The tension might have held forever if it had not been for a misplaced letter having been bundled by accident into a missive sent from the Sidhbe Court. The letter had been sent from the Lord that should have been Vil’tinoos’ father-in-law to his father and described the Lord’s satisfaction with the union between their two houses and commiserated at length over the ‘necessary steps’ Vil’tinoos’ father had been forced to employ to remove the previous barrier to this happy conclusion and reassured him that he was not blamed for having to send the flawed result away to be contained within the human lands.

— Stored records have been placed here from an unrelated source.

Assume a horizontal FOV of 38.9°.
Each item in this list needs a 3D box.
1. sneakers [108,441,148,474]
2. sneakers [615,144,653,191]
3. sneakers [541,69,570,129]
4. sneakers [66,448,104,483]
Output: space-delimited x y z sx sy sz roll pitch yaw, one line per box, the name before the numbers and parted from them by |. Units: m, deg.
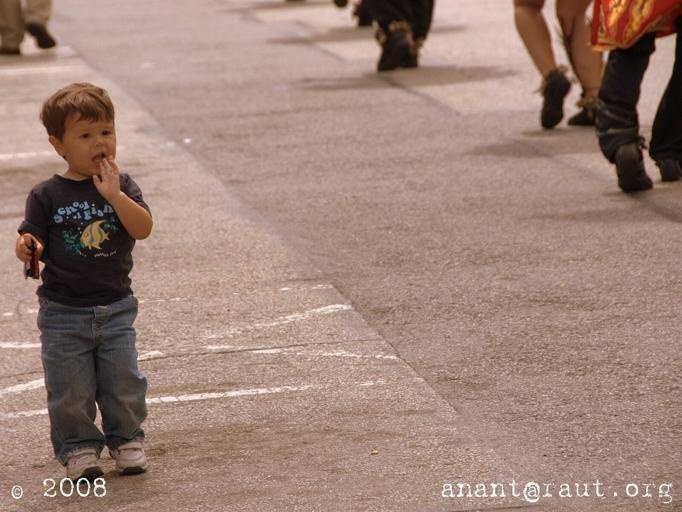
sneakers | -0.804 0.779 3.695 0.093 0.069 0.190 0 -5 -17
sneakers | 2.001 -0.595 6.674 0.189 0.406 0.166 -16 44 19
sneakers | 1.850 -1.366 8.420 0.234 0.481 0.275 6 1 -37
sneakers | -0.951 0.792 3.634 0.097 0.065 0.180 -2 -3 -19

The control and self discipline of elves is legendary.

Vil’tinoos wrote several carefully worded letters to his father, his brother and the elf maid he had considered his betrothed all this time and included a gift of a silver and diamond necklace as fine as human smiths could make in the last one.

What resulted was a visit from his cousin who came to return the ‘human dross’ and inform him that his sister-in-law no longer wished to correspond with him.

Three days later Morwenna demanded entrance to his quarters because she would not allow him to wallow any longer. That and his hands need their treatment again. In a strange way the humans did not seem surprised at all when it became open knowledge that the elvish ambassador and the Tuired entertainer where interested in one another. What surprised the human court was when Vil’tinoos adopted human customs to announce their engagement, an engagement he did not report to his father or the Sidhbe court.

His marriage to Morwenna finally seemed to loosen something Vil’tinoos had been holding tight for centuries. He was still quite and considered in both action and word but there wasn’t the terrible icy stillness that he had been holding rigid for so long and he began to emerse more fully in the society of Faransah, studying law and theology in equal measure, though there was something beyond even that. What that something was remained unclear until his father arrived without an official announcement. Apparently, somehow, news of Vil’tinoos’ decisions had reached home. But if his father had expected him to accept his censor without question then he was in for a rude surprise as Vil’tinoos and Morwenna faced him together and the necklace Vil’tinoos had once sent for his betrothed sparkled around Morwenna’s neck. Vil’tinoos was unrepentant and outright refused to return home without his wife at his side and when his father made to physically chastise Morwenna, he let the elvish retinue and the human court see what he had been pressurizing for so many years. Vil’tinoos had no need for the delicate, complicated gestures of elvish wizardly that his hands could no longer manage, a click of his fingers was enough to unleash the dark fire that flared and flowed round him like veils of heat but scorched the very breath from his father’s lungs. Vil’tinoos was a sorcerer born and a thumping powerful one at that. His threat to humble the grandest wizards in the Sidhbe court was not an idle one but would have resulted in Vil’tinoos outshining his father and grandfather in a way that would have not only eclipsed their influence but also damaged it – elves do not like sorcerers as they do not fit neatly into the power structures, intrigues and categorization that rules the Sidhbe courts.

Still gasping for breath, Vil’tinoos’ father mounted his horse and told Vil’tinoos that he was no son of his sire, something that Vil’tinoos already knew, thanks to that misplaced, hateful letter. Vil’tinoos’s father also told the human king that he expected the ambassador’s quarters to be ready for the new Ambassador, something that Vil’tinoos wasn’t worried about. The Sidhbe court would scheme and plot and manoeuvre for decades, if not a century, as no one would want the dishonour of having to send a member of their family to be the Ambassador in the human court. He had time and he intended to use it.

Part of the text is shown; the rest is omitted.